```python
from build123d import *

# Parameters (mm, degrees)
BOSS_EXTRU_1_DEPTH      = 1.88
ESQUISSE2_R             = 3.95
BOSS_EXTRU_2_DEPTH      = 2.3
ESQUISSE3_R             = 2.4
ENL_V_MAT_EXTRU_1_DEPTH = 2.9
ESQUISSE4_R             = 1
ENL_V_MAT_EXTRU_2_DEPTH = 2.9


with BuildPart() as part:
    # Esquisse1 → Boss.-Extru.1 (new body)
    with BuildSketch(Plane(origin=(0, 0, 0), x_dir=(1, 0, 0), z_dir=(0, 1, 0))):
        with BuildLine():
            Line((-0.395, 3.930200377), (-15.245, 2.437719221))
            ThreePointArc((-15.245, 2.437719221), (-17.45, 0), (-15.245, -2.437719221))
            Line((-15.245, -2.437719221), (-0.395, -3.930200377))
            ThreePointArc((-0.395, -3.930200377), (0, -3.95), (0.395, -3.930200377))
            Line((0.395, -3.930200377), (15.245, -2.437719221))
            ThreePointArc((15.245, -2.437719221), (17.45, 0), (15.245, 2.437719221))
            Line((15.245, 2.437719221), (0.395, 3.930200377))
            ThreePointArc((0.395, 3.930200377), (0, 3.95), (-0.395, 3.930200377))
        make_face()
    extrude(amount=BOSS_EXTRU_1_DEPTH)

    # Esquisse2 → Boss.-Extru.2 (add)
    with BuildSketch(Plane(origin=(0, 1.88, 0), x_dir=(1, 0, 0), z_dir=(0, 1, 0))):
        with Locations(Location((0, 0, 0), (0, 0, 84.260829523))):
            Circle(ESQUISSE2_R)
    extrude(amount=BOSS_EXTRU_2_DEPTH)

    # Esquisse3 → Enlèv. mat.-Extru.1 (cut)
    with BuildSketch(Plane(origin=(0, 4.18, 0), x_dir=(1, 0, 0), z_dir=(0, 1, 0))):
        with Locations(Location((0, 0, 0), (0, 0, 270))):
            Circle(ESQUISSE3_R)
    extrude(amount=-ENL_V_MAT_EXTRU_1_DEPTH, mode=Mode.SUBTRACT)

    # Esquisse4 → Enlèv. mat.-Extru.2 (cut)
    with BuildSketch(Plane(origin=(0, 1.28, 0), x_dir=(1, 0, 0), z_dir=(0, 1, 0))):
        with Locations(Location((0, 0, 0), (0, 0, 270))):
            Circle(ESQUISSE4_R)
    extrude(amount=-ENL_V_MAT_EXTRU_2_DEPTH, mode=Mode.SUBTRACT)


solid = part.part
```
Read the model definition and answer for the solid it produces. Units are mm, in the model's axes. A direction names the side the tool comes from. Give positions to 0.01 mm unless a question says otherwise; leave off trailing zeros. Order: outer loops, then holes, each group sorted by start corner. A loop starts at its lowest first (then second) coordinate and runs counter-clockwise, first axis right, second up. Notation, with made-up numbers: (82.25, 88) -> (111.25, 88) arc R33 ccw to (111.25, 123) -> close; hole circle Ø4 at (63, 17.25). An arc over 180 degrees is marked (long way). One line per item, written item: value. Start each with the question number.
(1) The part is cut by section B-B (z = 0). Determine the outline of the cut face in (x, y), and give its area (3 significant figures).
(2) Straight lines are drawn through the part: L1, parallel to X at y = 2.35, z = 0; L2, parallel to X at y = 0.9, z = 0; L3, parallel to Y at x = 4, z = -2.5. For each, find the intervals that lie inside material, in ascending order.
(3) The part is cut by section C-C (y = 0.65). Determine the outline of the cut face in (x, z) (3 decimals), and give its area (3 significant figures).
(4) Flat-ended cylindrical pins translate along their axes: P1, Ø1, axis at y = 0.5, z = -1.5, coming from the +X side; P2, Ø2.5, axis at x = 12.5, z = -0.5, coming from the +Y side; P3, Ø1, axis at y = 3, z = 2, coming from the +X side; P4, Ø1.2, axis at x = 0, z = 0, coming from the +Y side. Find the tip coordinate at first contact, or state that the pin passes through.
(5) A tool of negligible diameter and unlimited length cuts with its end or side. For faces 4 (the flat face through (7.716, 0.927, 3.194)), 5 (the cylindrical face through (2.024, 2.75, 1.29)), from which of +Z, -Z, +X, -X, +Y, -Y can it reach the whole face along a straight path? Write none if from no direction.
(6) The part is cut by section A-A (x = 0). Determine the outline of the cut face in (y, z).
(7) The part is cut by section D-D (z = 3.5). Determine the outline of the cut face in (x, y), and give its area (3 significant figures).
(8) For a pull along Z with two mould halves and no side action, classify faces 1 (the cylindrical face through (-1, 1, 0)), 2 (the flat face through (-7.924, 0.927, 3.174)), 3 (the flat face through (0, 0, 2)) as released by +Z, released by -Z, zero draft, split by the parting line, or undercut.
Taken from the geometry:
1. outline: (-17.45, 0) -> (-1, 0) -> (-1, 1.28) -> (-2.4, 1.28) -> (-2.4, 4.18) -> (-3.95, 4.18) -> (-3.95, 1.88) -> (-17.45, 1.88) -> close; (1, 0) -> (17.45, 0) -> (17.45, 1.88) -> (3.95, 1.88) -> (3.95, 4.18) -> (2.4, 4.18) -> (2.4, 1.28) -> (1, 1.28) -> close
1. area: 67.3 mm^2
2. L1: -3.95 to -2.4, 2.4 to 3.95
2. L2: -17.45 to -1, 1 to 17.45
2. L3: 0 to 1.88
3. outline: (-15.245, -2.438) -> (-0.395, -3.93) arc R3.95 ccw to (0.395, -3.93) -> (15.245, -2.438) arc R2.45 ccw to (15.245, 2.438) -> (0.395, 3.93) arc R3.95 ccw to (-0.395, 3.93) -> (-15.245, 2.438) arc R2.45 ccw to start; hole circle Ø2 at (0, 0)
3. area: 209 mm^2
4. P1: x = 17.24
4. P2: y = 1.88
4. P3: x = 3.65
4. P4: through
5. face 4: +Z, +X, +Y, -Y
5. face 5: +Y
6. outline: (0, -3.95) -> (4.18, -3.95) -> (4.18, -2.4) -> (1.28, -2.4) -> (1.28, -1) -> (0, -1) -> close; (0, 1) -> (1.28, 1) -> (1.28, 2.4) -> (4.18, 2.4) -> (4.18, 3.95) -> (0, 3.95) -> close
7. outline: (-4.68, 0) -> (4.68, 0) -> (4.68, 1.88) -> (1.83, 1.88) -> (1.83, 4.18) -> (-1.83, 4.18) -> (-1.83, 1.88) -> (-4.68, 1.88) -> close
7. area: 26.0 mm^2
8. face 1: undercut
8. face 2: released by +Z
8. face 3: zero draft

------------------------------------

Each entry above should be restated exactly as supplied.

```python
from build123d import *

# Parameters (mm, degrees)
BOSS_EXTRU_1_DEPTH      = 1.88
ESQUISSE2_R             = 3.95
BOSS_EXTRU_2_DEPTH      = 2.3
ESQUISSE3_R             = 2.4
ENL_V_MAT_EXTRU_1_DEPTH = 2.9
ESQUISSE4_R             = 1
ENL_V_MAT_EXTRU_2_DEPTH = 2.9


with BuildPart() as part:
    # Esquisse1 → Boss.-Extru.1 (new body)
    with BuildSketch(Plane(origin=(0, 0, 0), x_dir=(1, 0, 0), z_dir=(0, 1, 0))):
        with BuildLine():
            Line((-0.395, 3.930200377), (-15.245, 2.437719221))
            ThreePointArc((-15.245, 2.437719221), (-17.45, 0), (-15.245, -2.437719221))
            Line((-15.245, -2.437719221), (-0.395, -3.930200377))
            ThreePointArc((-0.395, -3.930200377), (0, -3.95), (0.395, -3.930200377))
            Line((0.395, -3.930200377), (15.245, -2.437719221))
            ThreePointArc((15.245, -2.437719221), (17.45, 0), (15.245, 2.437719221))
            Line((15.245, 2.437719221), (0.395, 3.930200377))
            ThreePointArc((0.395, 3.930200377), (0, 3.95), (-0.395, 3.930200377))
        make_face()
    extrude(amount=BOSS_EXTRU_1_DEPTH)

    # Esquisse2 → Boss.-Extru.2 (add)
    with BuildSketch(Plane(origin=(0, 1.88, 0), x_dir=(1, 0, 0), z_dir=(0, 1, 0))):
        with Locations(Location((0, 0, 0), (0, 0, 84.260829523))):
            Circle(ESQUISSE2_R)
    extrude(amount=BOSS_EXTRU_2_DEPTH)

    # Esquisse3 → Enlèv. mat.-Extru.1 (cut)
    with BuildSketch(Plane(origin=(0, 4.18, 0), x_dir=(1, 0, 0), z_dir=(0, 1, 0))):
        with Locations(Location((0, 0, 0), (0, 0, 270))):
            Circle(ESQUISSE3_R)
    extrude(amount=-ENL_V_MAT_EXTRU_1_DEPTH, mode=Mode.SUBTRACT)

    # Esquisse4 → Enlèv. mat.-Extru.2 (cut)
    with BuildSketch(Plane(origin=(0, 1.28, 0), x_dir=(1, 0, 0), z_dir=(0, 1, 0))):
        with Locations(Location((0, 0, 0), (0, 0, 270))):
            Circle(ESQUISSE4_R)
    extrude(amount=-ENL_V_MAT_EXTRU_2_DEPTH, mode=Mode.SUBTRACT)


solid = part.part
```
Read the model definition and answer for the solid it produces. Units are mm, in the model's axes. A direction names the side the tool comes from. Give positions to 0.01 mm unless a question says otherwise; leave off trailing zeros. Order: outer loops, then holes, each group sorted by start corner. A loop starts at its lowest first (then second) coordinate and runs counter-clockwise, first axis right, second up. Notation, with made-up numbers: (82.25, 88) -> (111.25, 88) arc R33 ccw to (111.25, 123) -> close; hole circle Ø4 at (63, 17.25). An arc over 180 degrees is marked (long way). One line per item, written item: value. Start each with the question number.
(1) The part is cut by section B-B (z = 0). Determine the outline of the cut face in (x, y), and give its area (3 significant figures).
(2) Straight lines are drawn through the part: L1, parallel to X at y = 2.35, z = 0; L2, parallel to X at y = 0.9, z = 0; L3, parallel to Y at x = 4, z = -2.5. For each, find the intervals that lie inside material, in ascending order.
(3) The part is cut by section C-C (y = 0.65). Determine the outline of the cut face in (x, z) (3 decimals), and give its area (3 significant figures).
(4) Flat-ended cylindrical pins translate along their axes: P1, Ø1, axis at y = 0.5, z = -1.5, coming from the +X side; P2, Ø2.5, axis at x = 12.5, z = -0.5, coming from the +Y side; P3, Ø1, axis at y = 3, z = 2, coming from the +X side; P4, Ø1.2, axis at x = 0, z = 0, coming from the +Y side. Find the tip coordinate at first contact, or state that the pin passes through.
(5) A tool of negligible diameter and unlimited length cuts with its end or side. For faces 4 (the flat face through (7.716, 0.927, 3.194)), 5 (the cylindrical face through (2.024, 2.75, 1.29)), from which of +Z, -Z, +X, -X, +Y, -Y can it reach the whole face along a straight path? Write none if from no direction.
(6) The part is cut by section A-A (x = 0). Determine the outline of the cut face in (y, z).
(7) The part is cut by section D-D (z = 3.5). Determine the outline of the cut face in (x, y), and give its area (3 significant figures).
(8) For a pull along Z with two mould halves and no side action, classify faces 1 (the cylindrical face through (-1, 1, 0)), 2 (the flat face through (-7.924, 0.927, 3.174)), 3 (the flat face through (0, 0, 2)) as released by +Z, released by -Z, zero draft, split by the parting line, or undercut.
Taken from the geometry:
1. outline: (-17.45, 0) -> (-1, 0) -> (-1, 1.28) -> (-2.4, 1.28) -> (-2.4, 4.18) -> (-3.95, 4.18) -> (-3.95, 1.88) -> (-17.45, 1.88) -> close; (1, 0) -> (17.45, 0) -> (17.45, 1.88) -> (3.95, 1.88) -> (3.95, 4.18) -> (2.4, 4.18) -> (2.4, 1.28) -> (1, 1.28) -> close
1. area: 67.3 mm^2
2. L1: -3.95 to -2.4, 2.4 to 3.95
2. L2: -17.45 to -1, 1 to 17.45
2. L3: 0 to 1.88
3. outline: (-15.245, -2.438) -> (-0.395, -3.93) arc R3.95 ccw to (0.395, -3.93) -> (15.245, -2.438) arc R2.45 ccw to (15.245, 2.438) -> (0.395, 3.93) arc R3.95 ccw to (-0.395, 3.93) -> (-15.245, 2.438) arc R2.45 ccw to start; hole circle Ø2 at (0, 0)
3. area: 209 mm^2
4. P1: x = 17.24
4. P2: y = 1.88
4. P3: x = 3.65
4. P4: through
5. face 4: +Z, +X, +Y, -Y
5. face 5: +Y
6. outline: (0, -3.95) -> (4.18, -3.95) -> (4.18, -2.4) -> (1.28, -2.4) -> (1.28, -1) -> (0, -1) -> close; (0, 1) -> (1.28, 1) -> (1.28, 2.4) -> (4.18, 2.4) -> (4.18, 3.95) -> (0, 3.95) -> close
7. outline: (-4.68, 0) -> (4.68, 0) -> (4.68, 1.88) -> (1.83, 1.88) -> (1.83, 4.18) -> (-1.83, 4.18) -> (-1.83, 1.88) -> (-4.68, 1.88) -> close
7. area: 26.0 mm^2
8. face 1: undercut
8. face 2: released by +Z
8. face 3: zero draft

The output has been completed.